Let's select all of the columns from our summary that have values of `t` or `f`.

In [233]:
boolean_summary = summary[np.isin(summary[:, 1], ['t', 'f'])]

In [234]:
true_boolean_cols = boolean_summary[:, 0]
true_boolean_cols

array(['requires_license', 'host_has_profile_pic',
       'require_guest_profile_picture',
       'require_guest_phone_verification', 'host_is_superhost',
       'instant_bookable', 'is_location_exact', 'host_identity_verified'],
      dtype='<U55')

From here, we see that some of these columns have `na` values.

In [235]:
potential_cat[true_boolean_cols].isna().sum()/potential_cat.shape[0]

requires_license                    0.000000
host_has_profile_pic                0.002375
require_guest_profile_picture       0.000000
require_guest_phone_verification    0.000000
host_is_superhost                   0.002375
instant_bookable                    0.000000
is_location_exact                   0.000000
host_identity_verified              0.002375
dtype: float64

We'll have to coerce these values as well.  

> It's a small enough percentage that we can just coerce them to false values.
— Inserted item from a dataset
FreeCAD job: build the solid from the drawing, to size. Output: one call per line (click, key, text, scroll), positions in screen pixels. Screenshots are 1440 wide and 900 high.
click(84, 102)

Now we'll use our MissingIndicator to convert these columns to have True or False values.  We do so, we by having the transformer set `t` to True, and all other values to False.  We'll also coerce the nan values to `f` beforehand.
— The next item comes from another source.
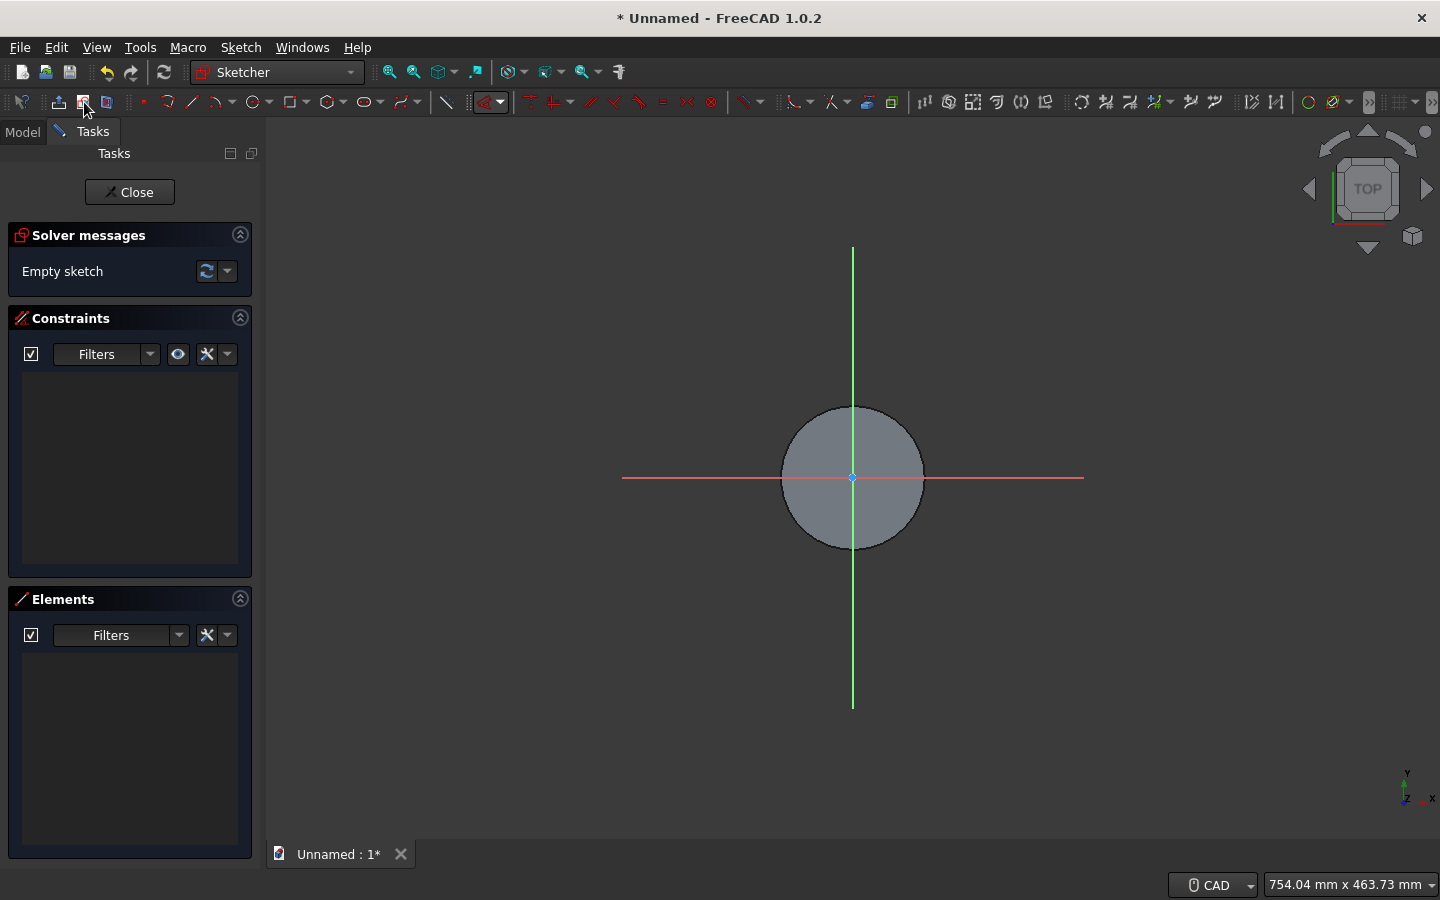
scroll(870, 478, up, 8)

> We can loop through to do this for each of our boolean columns.

In [280]:
from sklearn.impute import SimpleImputer, MissingIndicator
steps = [([col], [SimpleImputer(strategy = 'constant', missing_values= np.nan, fill_value = 'f'),
                  MissingIndicator(missing_values = 't')
                 ]
         ) 
         for col in true_boolean_cols]

And then place these steps in a DataFrameMapper.

In [237]:
from sklearn_pandas import DataFrameMapper
boolean_mapper = DataFrameMapper(steps, df_out = True)

In [238]:
# df[bools_df.columns]

In [239]:
bool_df = boolean_mapper.fit_transform(df)

In [240]:
bool_df[:2]

Unnamed: 0,requires_license,require_guest_profile_picture,require_guest_phone_verification,instant_bookable,is_location_exact
0,True,False,False,False,False
1,True,False,False,False,True


Then we can update our dataframe.

In [241]:
df.loc[:, bool_df.columns] = bool_df

In [242]:
df.select_dtypes('object').shape

(8000, 40)

And store our dataframe.

In [None]:
df.to_csv('./listings_coerced_booleans.csv')
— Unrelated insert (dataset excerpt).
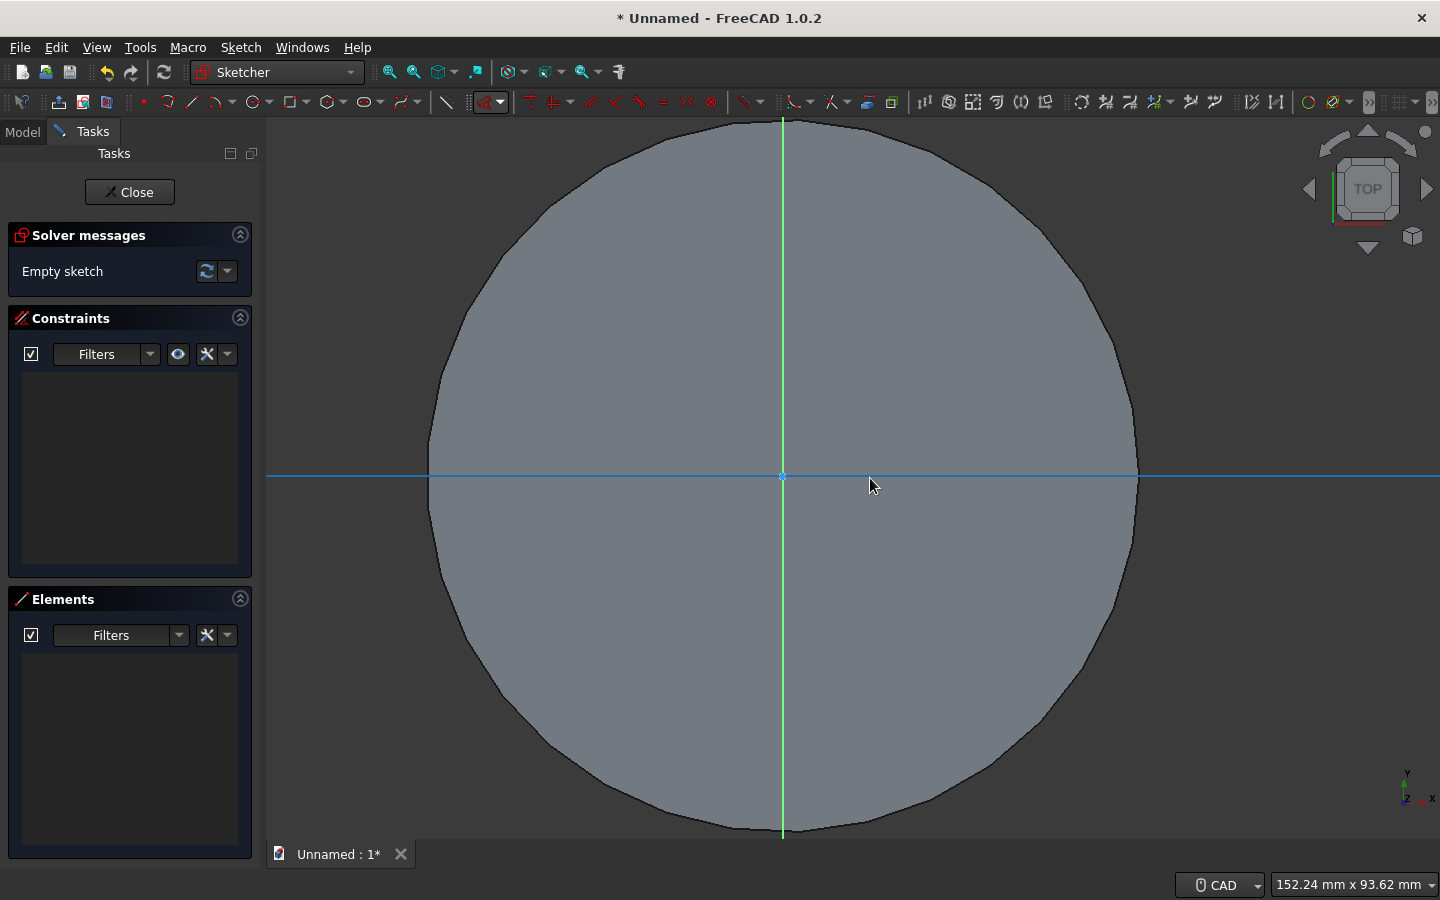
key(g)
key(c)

And finally, we can store our datatypes.

In [243]:
import json
data = df.dtypes.astype(str).to_dict()

file = './coerced_bools_dtypes.json'

with open(file, 'w') as f:
    json.dump(data, f)

Then we can use numpy to identify our remaining potential_cat columns that we should coerce.

In [115]:
import numpy as np
remaining_cat_cols = np.setdiff1d(potential_cat.columns, bool_df.columns)

remaining_cat_cols

array(['bed_type', 'calendar_updated', 'cancellation_policy', 'city',
       'host_has_profile_pic', 'host_identity_verified',
       'host_is_superhost', 'host_location', 'host_name',
       'host_neighbourhood', 'host_response_time', 'host_verifications',
       'market', 'neighbourhood', 'neighbourhood_cleansed',
       'neighbourhood_group_cleansed', 'property_type', 'room_type',
       'smart_location', 'state', 'street', 'zipcode'], dtype=object)

### Summary

In this lesson, we were introduced to some of the methods for handling boolean and categorical data.  We saw that we identified our categorical columns by looking at the percent different.  If not a large percent of a column's values are different, it is likely categorical or boolean.  We then used our `summarize_cats` method to view the top values in each of the columns, along with how often they occur.

Finally, we used the `MissingImputer` to convert values in almost boolean columns to True and False values.